About this exercise => The expected output is the full data, repeated exactly, without pictures.
__________
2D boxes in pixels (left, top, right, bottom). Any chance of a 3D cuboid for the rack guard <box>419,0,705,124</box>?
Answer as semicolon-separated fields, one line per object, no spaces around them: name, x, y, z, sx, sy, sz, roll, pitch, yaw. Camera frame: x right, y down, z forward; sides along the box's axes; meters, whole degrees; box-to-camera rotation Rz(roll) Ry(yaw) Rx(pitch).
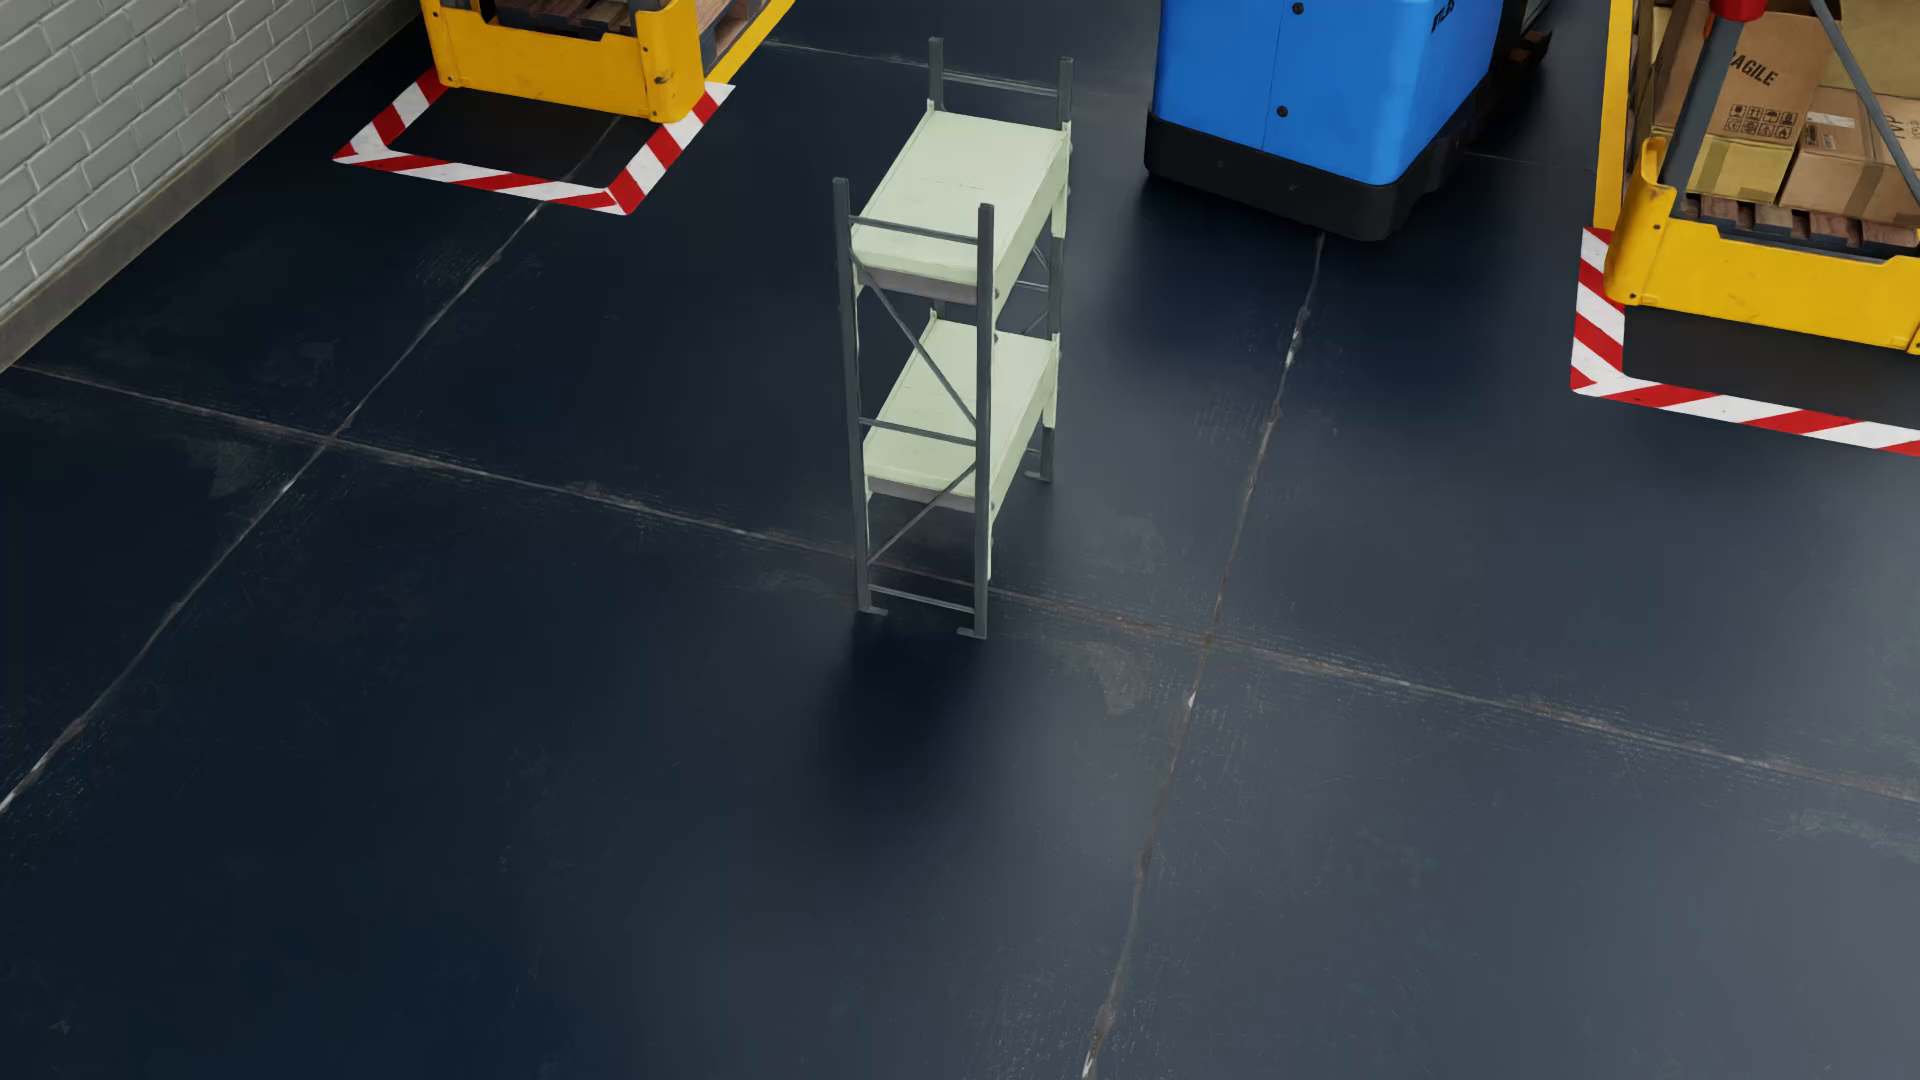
rack guard;-1.703;-2.172;7.112;1.175;0.500;0.348;13;46;13

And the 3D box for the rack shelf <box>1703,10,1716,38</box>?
rack shelf;3.602;-3.044;6.731;1.077;0.370;4.000;13;46;13

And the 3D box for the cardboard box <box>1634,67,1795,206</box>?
cardboard box;2.877;-1.556;6.361;0.500;0.250;0.500;13;46;13

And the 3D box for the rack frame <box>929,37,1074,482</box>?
rack frame;0.109;-0.776;4.970;0.400;1.500;0.023;13;46;12

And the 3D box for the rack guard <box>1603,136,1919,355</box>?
rack guard;2.989;-1.059;5.975;1.175;0.500;0.348;13;46;13

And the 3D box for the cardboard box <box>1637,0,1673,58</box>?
cardboard box;3.167;-2.225;7.045;0.500;0.250;0.500;13;46;13

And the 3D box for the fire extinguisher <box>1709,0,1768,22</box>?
fire extinguisher;2.518;-1.960;5.164;0.296;0.674;0.183;13;46;13

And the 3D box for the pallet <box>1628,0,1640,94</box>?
pallet;3.559;-2.301;7.450;1.003;0.211;1.213;13;46;13

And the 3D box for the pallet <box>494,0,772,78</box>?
pallet;-1.423;-2.603;7.759;1.003;0.211;1.213;13;46;13

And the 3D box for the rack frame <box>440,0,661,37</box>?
rack frame;-1.726;-3.015;6.186;1.000;3.000;0.127;13;46;13

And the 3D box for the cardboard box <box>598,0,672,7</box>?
cardboard box;-1.431;-2.653;7.425;0.500;0.311;0.500;8;45;8

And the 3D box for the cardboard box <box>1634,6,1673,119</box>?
cardboard box;3.017;-1.891;6.704;0.500;0.250;0.500;13;46;13

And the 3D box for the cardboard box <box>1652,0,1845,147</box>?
cardboard box;2.875;-1.824;6.099;0.500;0.500;0.500;13;46;13

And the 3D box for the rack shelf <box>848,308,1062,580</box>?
rack shelf;-0.002;-0.299;4.949;0.431;0.370;0.720;13;46;12

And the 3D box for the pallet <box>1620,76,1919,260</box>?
pallet;3.188;-1.490;6.622;1.003;0.211;1.213;13;46;13

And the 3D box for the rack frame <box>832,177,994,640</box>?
rack frame;-0.113;-0.288;4.472;0.400;1.500;0.023;13;46;12

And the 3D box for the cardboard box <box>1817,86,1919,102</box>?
cardboard box;3.519;-1.780;6.590;0.500;0.250;0.500;13;46;13

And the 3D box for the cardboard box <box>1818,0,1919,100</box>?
cardboard box;3.520;-2.048;6.327;0.500;0.500;0.500;13;46;13

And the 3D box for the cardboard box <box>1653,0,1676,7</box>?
cardboard box;3.164;-2.494;6.783;0.500;0.500;0.500;13;46;13

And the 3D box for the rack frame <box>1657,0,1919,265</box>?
rack frame;2.996;-1.968;5.117;1.000;3.000;0.127;13;46;13

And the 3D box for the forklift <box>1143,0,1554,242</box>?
forklift;1.957;-3.186;6.410;1.130;2.935;3.031;24;49;23

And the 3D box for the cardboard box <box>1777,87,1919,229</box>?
cardboard box;3.371;-1.446;6.249;0.500;0.250;0.500;13;46;13

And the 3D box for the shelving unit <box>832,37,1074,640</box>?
shelving unit;-0.002;-0.532;4.721;0.431;1.500;0.755;13;46;12

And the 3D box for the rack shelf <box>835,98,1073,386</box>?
rack shelf;-0.002;-0.811;4.448;0.431;0.370;0.720;13;46;12
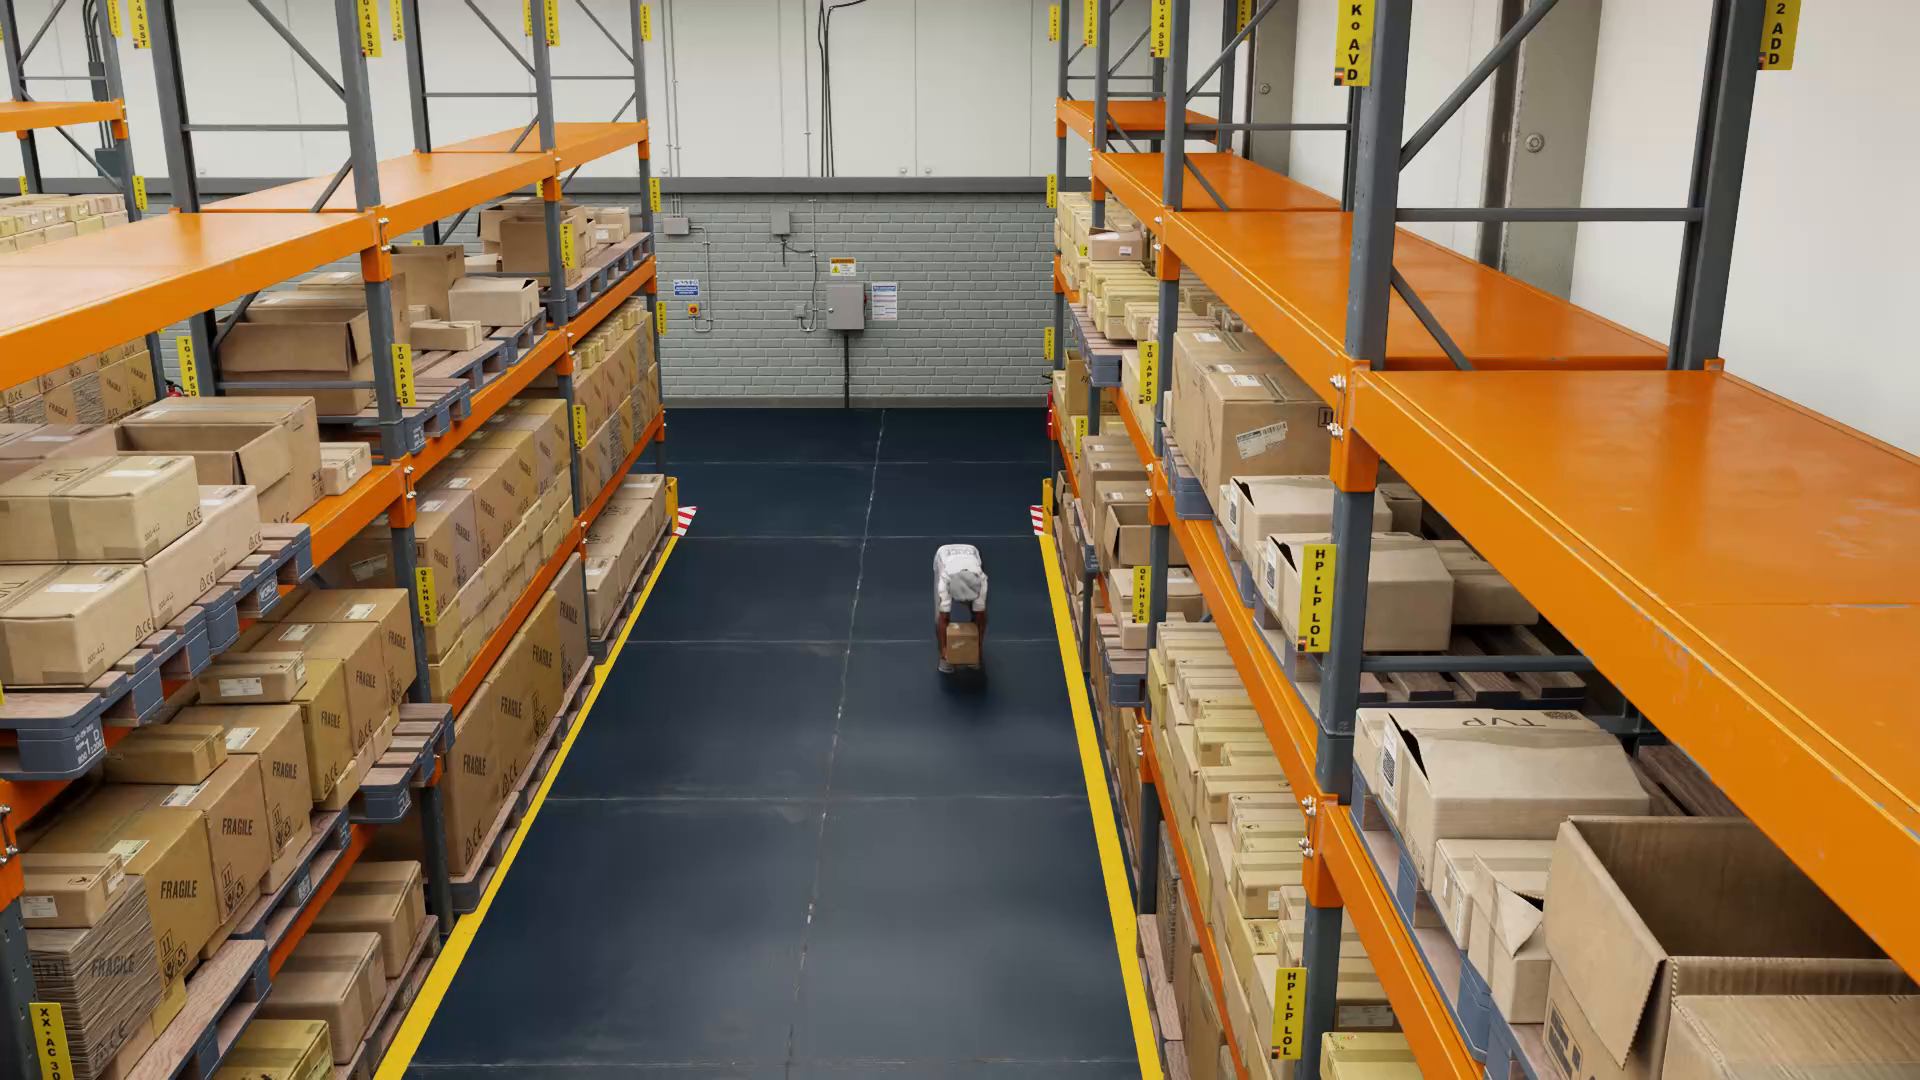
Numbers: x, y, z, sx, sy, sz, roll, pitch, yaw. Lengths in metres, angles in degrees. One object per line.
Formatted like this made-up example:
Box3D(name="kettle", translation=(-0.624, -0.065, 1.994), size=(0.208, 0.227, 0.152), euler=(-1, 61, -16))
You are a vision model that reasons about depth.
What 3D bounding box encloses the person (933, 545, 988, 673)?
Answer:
Box3D(name="person", translation=(0.018, 0.598, 13.231), size=(0.431, 1.022, 0.938), euler=(-2, 17, -5))
__________
Output of the task =>
2D boxes in pixels (left, top, right, bottom). Any chance of a 3D cuboid for the rack guard <box>419,0,705,124</box>?
Answer as semicolon-separated fields, one line per object, no spaces around them: name, x, y, z, sx, sy, sz, roll, pitch, yaw. Camera frame: x right, y down, z forward; sides along the box's axes; meters, whole degrees; box-to-camera rotation Rz(roll) Ry(yaw) Rx(pitch).
rack guard;-1.703;-2.172;7.112;1.175;0.500;0.348;13;46;13

And the 3D box for the rack shelf <box>1703,10,1716,38</box>?
rack shelf;3.602;-3.044;6.731;1.077;0.370;4.000;13;46;13

And the 3D box for the cardboard box <box>1634,67,1795,206</box>?
cardboard box;2.877;-1.556;6.361;0.500;0.250;0.500;13;46;13

And the 3D box for the rack frame <box>929,37,1074,482</box>?
rack frame;0.109;-0.776;4.970;0.400;1.500;0.023;13;46;12

And the 3D box for the rack guard <box>1603,136,1919,355</box>?
rack guard;2.989;-1.059;5.975;1.175;0.500;0.348;13;46;13

And the 3D box for the cardboard box <box>1637,0,1673,58</box>?
cardboard box;3.167;-2.225;7.045;0.500;0.250;0.500;13;46;13

And the 3D box for the fire extinguisher <box>1709,0,1768,22</box>?
fire extinguisher;2.518;-1.960;5.164;0.296;0.674;0.183;13;46;13

And the 3D box for the pallet <box>1628,0,1640,94</box>?
pallet;3.559;-2.301;7.450;1.003;0.211;1.213;13;46;13

And the 3D box for the pallet <box>494,0,772,78</box>?
pallet;-1.423;-2.603;7.759;1.003;0.211;1.213;13;46;13

And the 3D box for the rack frame <box>440,0,661,37</box>?
rack frame;-1.726;-3.015;6.186;1.000;3.000;0.127;13;46;13

And the 3D box for the cardboard box <box>598,0,672,7</box>?
cardboard box;-1.431;-2.653;7.425;0.500;0.311;0.500;8;45;8

And the 3D box for the cardboard box <box>1634,6,1673,119</box>?
cardboard box;3.017;-1.891;6.704;0.500;0.250;0.500;13;46;13

And the 3D box for the cardboard box <box>1652,0,1845,147</box>?
cardboard box;2.875;-1.824;6.099;0.500;0.500;0.500;13;46;13

And the 3D box for the rack shelf <box>848,308,1062,580</box>?
rack shelf;-0.002;-0.299;4.949;0.431;0.370;0.720;13;46;12

And the 3D box for the pallet <box>1620,76,1919,260</box>?
pallet;3.188;-1.490;6.622;1.003;0.211;1.213;13;46;13

And the 3D box for the rack frame <box>832,177,994,640</box>?
rack frame;-0.113;-0.288;4.472;0.400;1.500;0.023;13;46;12

And the 3D box for the cardboard box <box>1817,86,1919,102</box>?
cardboard box;3.519;-1.780;6.590;0.500;0.250;0.500;13;46;13

And the 3D box for the cardboard box <box>1818,0,1919,100</box>?
cardboard box;3.520;-2.048;6.327;0.500;0.500;0.500;13;46;13

And the 3D box for the cardboard box <box>1653,0,1676,7</box>?
cardboard box;3.164;-2.494;6.783;0.500;0.500;0.500;13;46;13

And the 3D box for the rack frame <box>1657,0,1919,265</box>?
rack frame;2.996;-1.968;5.117;1.000;3.000;0.127;13;46;13

And the 3D box for the forklift <box>1143,0,1554,242</box>?
forklift;1.957;-3.186;6.410;1.130;2.935;3.031;24;49;23

And the 3D box for the cardboard box <box>1777,87,1919,229</box>?
cardboard box;3.371;-1.446;6.249;0.500;0.250;0.500;13;46;13

And the 3D box for the shelving unit <box>832,37,1074,640</box>?
shelving unit;-0.002;-0.532;4.721;0.431;1.500;0.755;13;46;12

And the 3D box for the rack shelf <box>835,98,1073,386</box>?
rack shelf;-0.002;-0.811;4.448;0.431;0.370;0.720;13;46;12
Numbers: x, y, z, sx, sy, sz, roll, pitch, yaw. Lengths in metres, angles in degrees. One object per line.
Formatted like this made-up example:
Box3D(name="kettle", translation=(-0.624, -0.065, 1.994), size=(0.208, 0.227, 0.152), euler=(-1, 61, -16))
You are a vision model that reasons about depth.
What 3D bounding box encloses the person (933, 545, 988, 673)?
Answer:
Box3D(name="person", translation=(0.018, 0.598, 13.231), size=(0.431, 1.022, 0.938), euler=(-2, 17, -5))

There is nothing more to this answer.